Tatjana lernte trotz ihrer Mehrfachbelastung sehr schnell und beendete mit 27 Jahren ihr Studium als Jahrgangsbeste. Nur kurze Zeit später kränzte sie ihre Ausbildung durch Dissertation. Diese hatte als Thema den Nachweis auf Tierorgane bei der Kosmetikherstellung verzichten zu können. Bei Tierschützern baute sie sich so eine größere Lobby auf, in der eigenen Firma aber stieß sie auf wenig Gegenliebe. Trotzdem erhielt sie wenig später eine Festanstellung, die ihr ein ausreichendes Einkommen sicherte.
Fortan arbeitete Tatjana in der Abteilung zur Herstellung von Kosmetika. Dabei lernten Kollegen ihr offenes Wesen und ihre Sachlichkeit schätzen. Dies war keinesfalls selbstverständlich, da sich etliche Mitarbeiter dem totalitären Firmenstil eher anpassten, um nicht zu sagen, anbiederten. Jeder in der Firma versuchte seine Arbeit so gut wie möglich, aber ohne großes Aufsehen zu verrichten. Kollegen gegenüber verhielt man sich eher zurückhaltend, bei Vorgesetzten rang man um Anerkennung. Dabei konnte einem der Hinweis auf eine Untugend eines Kollegen durchaus zum Vorteil gereichen. Die Schlüsselpositionen der mittleren Führungsebene belegten genau die Leute, die mit den Oberen am besten kommunizierten. Dabei war der Verrat eines Kollegen durchaus karrierefördernd.
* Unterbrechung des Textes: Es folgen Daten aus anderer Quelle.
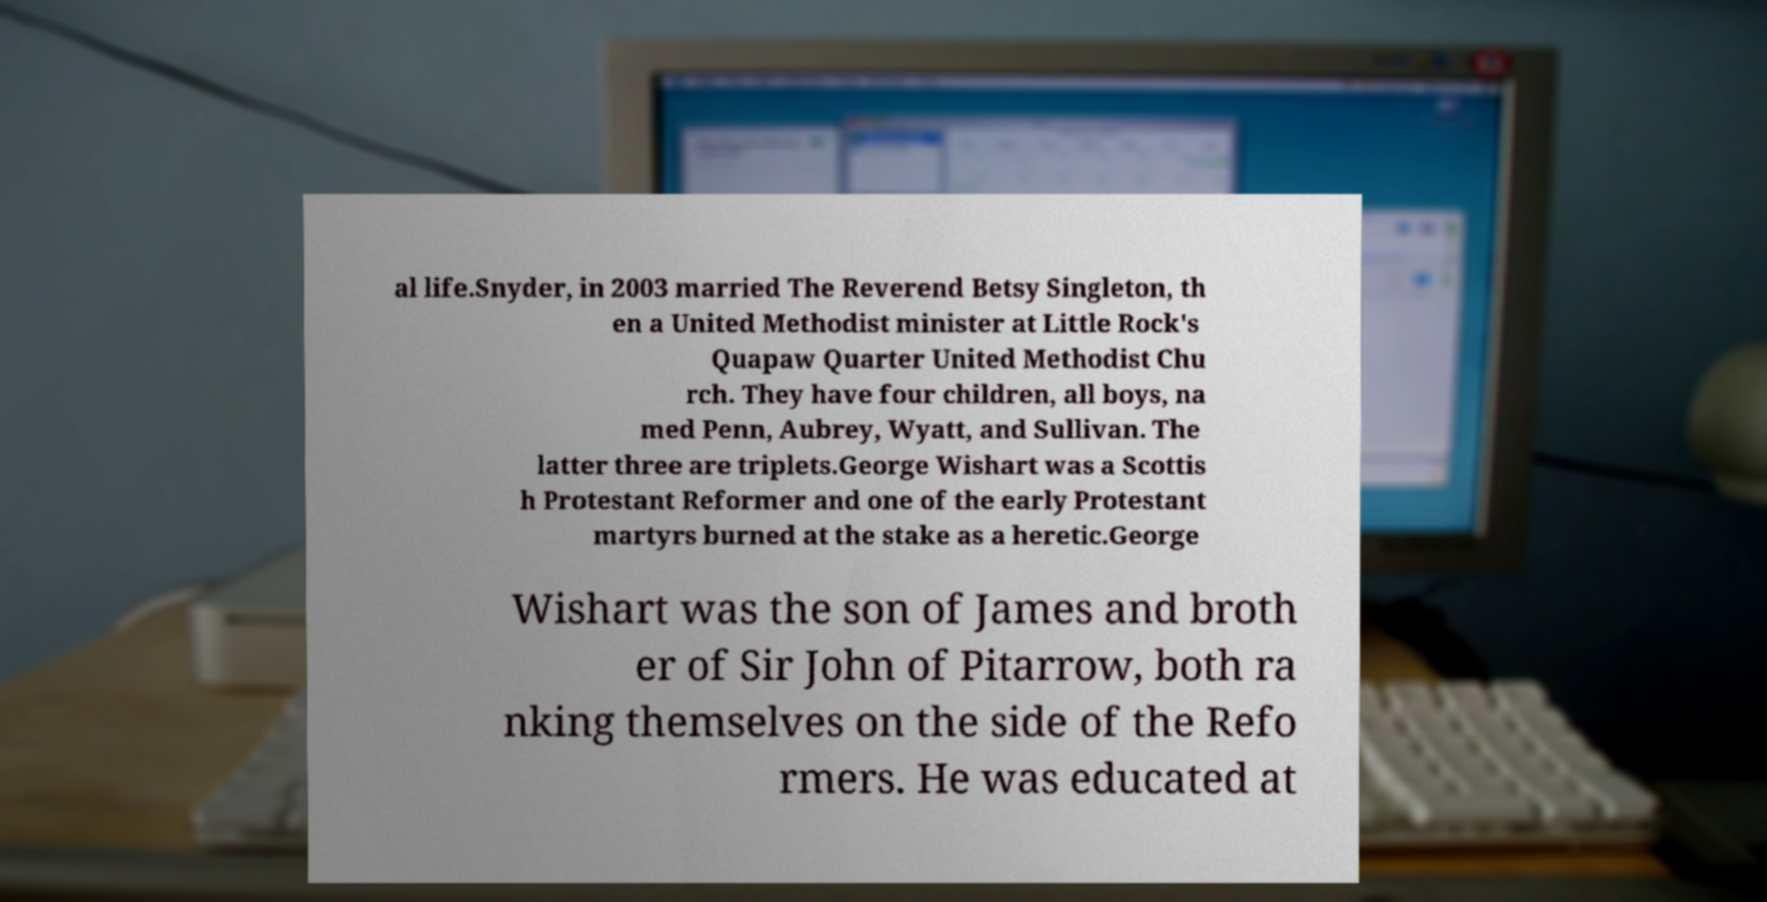Please read and relay the text visible in this image. What does it say? al life.Snyder, in 2003 married The Reverend Betsy Singleton, th en a United Methodist minister at Little Rock's Quapaw Quarter United Methodist Chu rch. They have four children, all boys, na med Penn, Aubrey, Wyatt, and Sullivan. The latter three are triplets.George Wishart was a Scottis h Protestant Reformer and one of the early Protestant martyrs burned at the stake as a heretic.George Wishart was the son of James and broth er of Sir John of Pitarrow, both ra nking themselves on the side of the Refo rmers. He was educated at 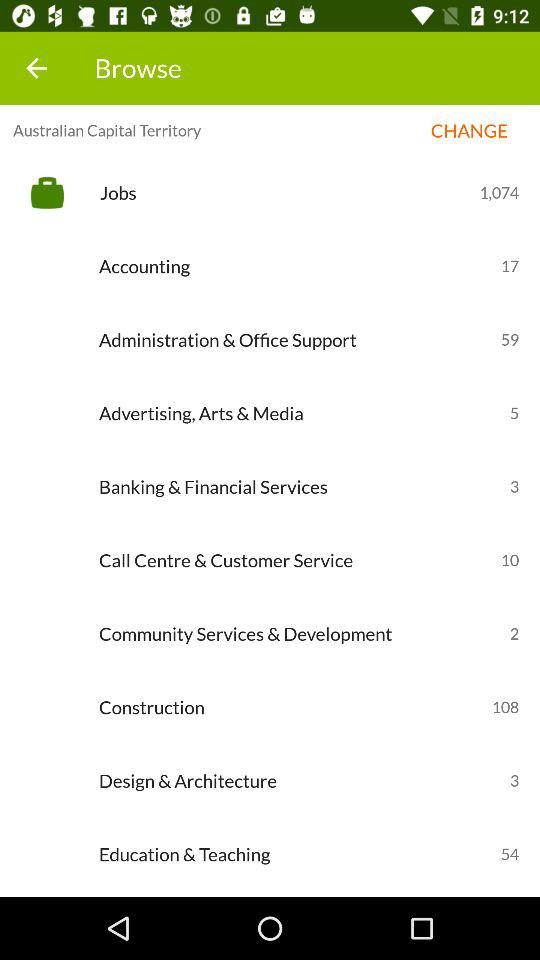How many jobs are in "Design & Architecture"? There are 3 jobs present in design and architecture. 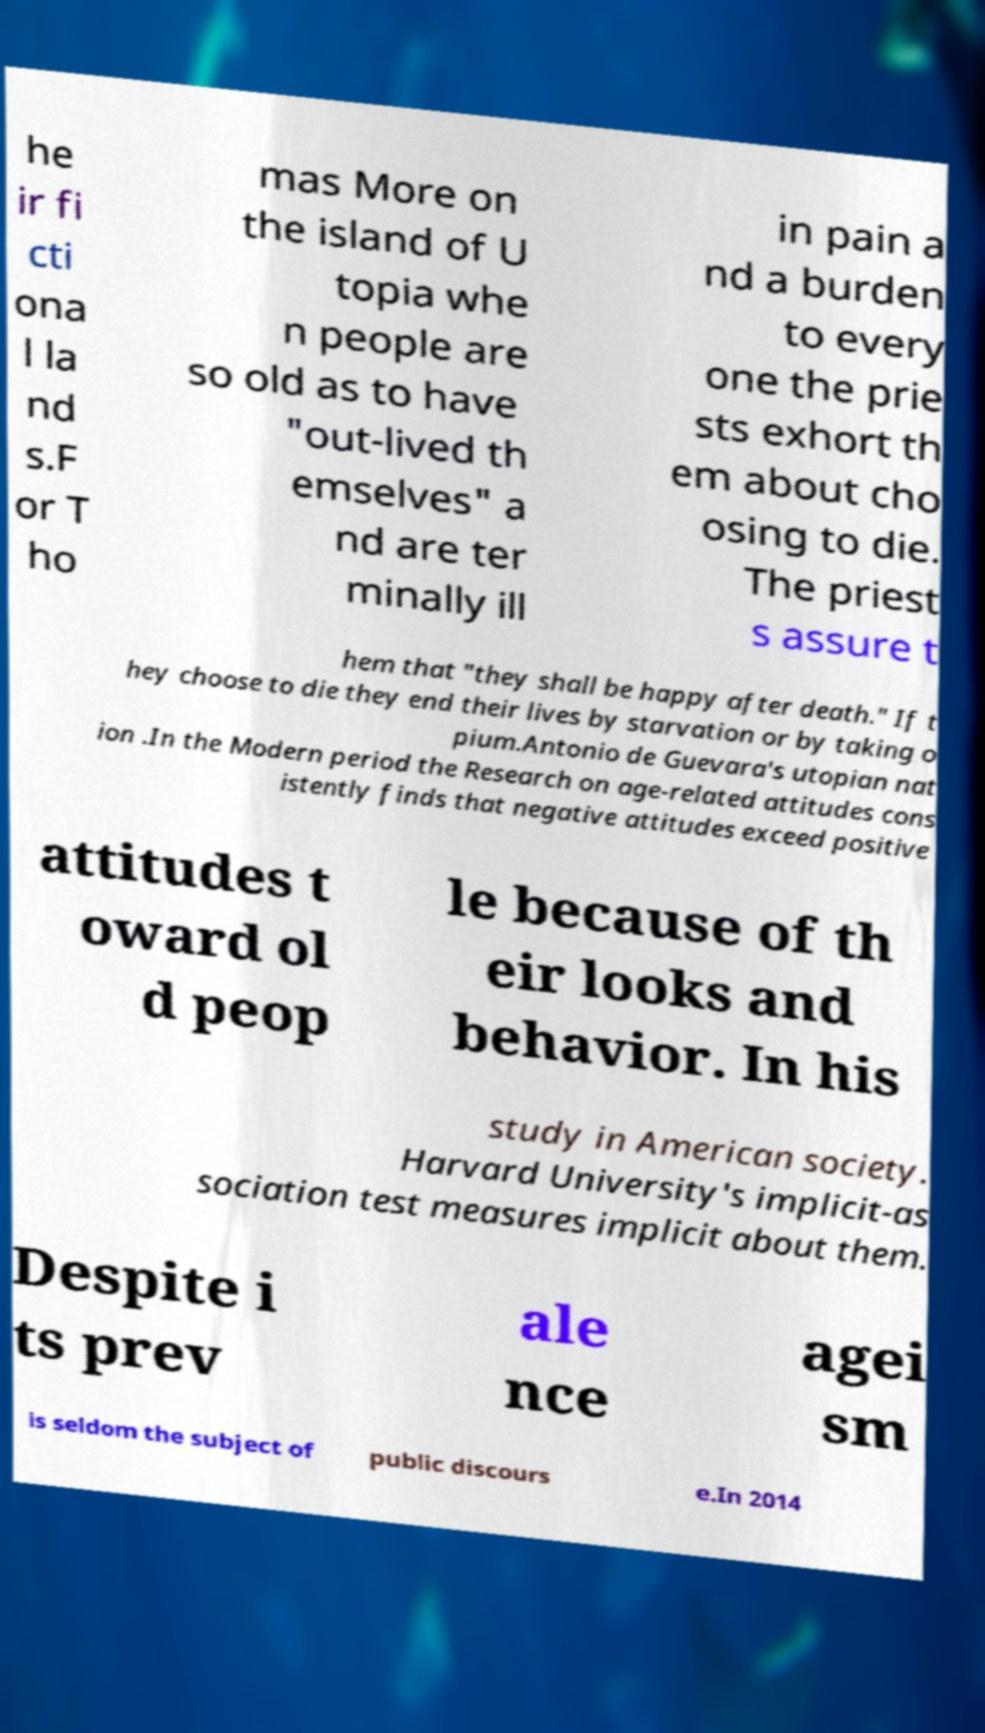Could you assist in decoding the text presented in this image and type it out clearly? he ir fi cti ona l la nd s.F or T ho mas More on the island of U topia whe n people are so old as to have "out-lived th emselves" a nd are ter minally ill in pain a nd a burden to every one the prie sts exhort th em about cho osing to die. The priest s assure t hem that "they shall be happy after death." If t hey choose to die they end their lives by starvation or by taking o pium.Antonio de Guevara's utopian nat ion .In the Modern period the Research on age-related attitudes cons istently finds that negative attitudes exceed positive attitudes t oward ol d peop le because of th eir looks and behavior. In his study in American society. Harvard University's implicit-as sociation test measures implicit about them. Despite i ts prev ale nce agei sm is seldom the subject of public discours e.In 2014

Es kam vor, dass Mitarbeiter von eigenen Kollegen erpresst wurden. Eine junge Frau, die als Alleinverdienende zusammen mit ihren Eltern wohnte, sollte eines Teil ihres Einkommens abtreten, weil sie eine der Cremetuben unerlaubt mit nach Hause genommen hatte. Trotz ihrer Beteuerungen, die beinahe wertlose Tube wiederzubringen, wurde sie beim firmeneigenen Werkschutz gemeldet. Sie wurde entlassen, während der Verräter vor versammelter Mannschaft belobigt wurde. So gesehen war die gesamte Firma ein Riesensumpf. Tatjana bekam aufgrund ihrer anfänglichen Naivität davon zunächst nichts mit. Dies sollte sich aber ändern.